Antinutritional factors. Ingredients perceived as clean or whole are not inherently superior if they are not processed appropriately. Legumes and certain grains can contain compounds such as phytates, lectins, and protease inhibitors, which can interfere with mineral absorption and protein digestion if not addressed. In human nutrition, these are well-characterized concerns mitigated through soaking, fermenting, or cooking. In pet food, extrusion reduces some of these compounds, but not always uniformly. This raises a more meaningful question than what is on the label: how were these ingredients processed, and did that processing optimize or limit nutrient availability?

These are the questions that would move the needle on long-term pet health outcomes. They are also the questions almost entirely absent from the conversation at the consumer level, the retail level, and in a lot of influencer-driven content that passes itself off as ‘nutrition education’.

The Uncomfortable Reality for the Fresh Food Camp

I am in the fresh food camp. But there is a persistent assumption in this space that whole food or minimally processed ingredients inherently lead to better nutrition, and that assumption warrants more examination than it recieves.

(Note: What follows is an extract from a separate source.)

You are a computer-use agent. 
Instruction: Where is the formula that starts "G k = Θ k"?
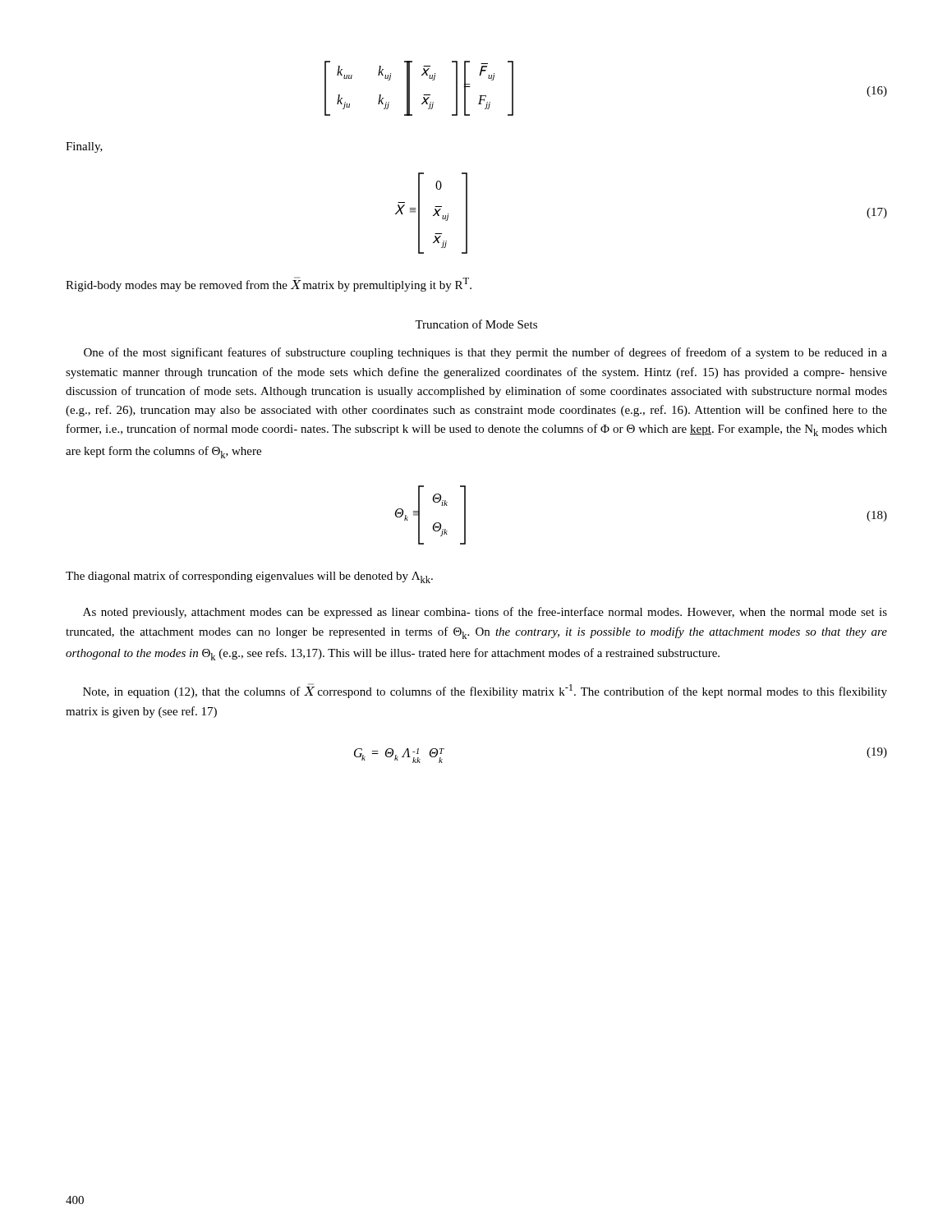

We’ve swung from one extreme to another. For years, the mainstream commercial pet food establishment dismissed ingredient quality entirely. The backlash was warranted. Ingredients do matter. But we overcorrected. We started treating the ingredient list as the whole story, layered marketing language on top of it, and then communicated that to pet parents as if it were grounded in nutrition science. We built a framework where whole food automatically means better and by-product automatically means bad, without any serious consideration of food science, processing effects, formulation complexity, or measurable outcomes.

And then we used that framework to tell people their pets’ food was no longer good.

Flattening that distinction with the word “filler” doesn’t protect pets. It creates confusion, erodes trust, and generates an enormous amount of unnecessary churn for pet parents who are genuinely trying to do right by their animals.

Imagine If We Asked Different Questions?

Focusing on ingredient perception ignores one of the most practical and measurable indicators of diet quality: how the animal performs on the food. Stool quality, body condition, coat quality, and gastrointestinal tolerance are not subjective preferences. These are reflections of how well a diet is being digested and utilized.

Dogs and cats don’t respond to ingredient stories and philosophies. They respond to what the diet does in the body and how processing affects that. In clinical and research settings, outcome variables like digestibility, tolerance, metabolic response, and long-term health markers are the standard for evaluating diet performance. If a diet supports stable body condition, consistent stool quality, and overall health, that reflects functional adequacy regardless of whether the ingredient list aligns with a particular narrative.

Without incorporating outcomes, diet evaluation remains theoretical rather than physiological.

My View:

I am not a champion of ultra-processed food. The evidence for minimally processed and fresh diets, when properly formulated, is compelling and growing. I think we should be moving pet parents in that direction when we can and meeting them where they are when we can’t.

But I am not going to tell a pet parent their dog’s food is no longer good without evidence. I am not going to call beet pulp a filler because it makes for a cleaner story. And I am not going to let this industry keep making pet parents feel guilty or confused about feeding their dogs a properly formulated, nutrient-adequate processed diet because we decided that an ingredient list is more important than actual nutritional outcomes.

None of this is an argument against caring about ingredients. It is an argument for using them correctly. Ingredients are part of the picture. But in processed diets, they are not the whole picture, and in many cases, they are not the most informative part.

The question has to shift from what’s in the food? to what does the food do? Until it does, we will keep generating confusion, eroding trust, and sending pet parents on an endless loop of switching foods based on rhetoric instead of evidence.

That is not advocacy. That is the opposite of it.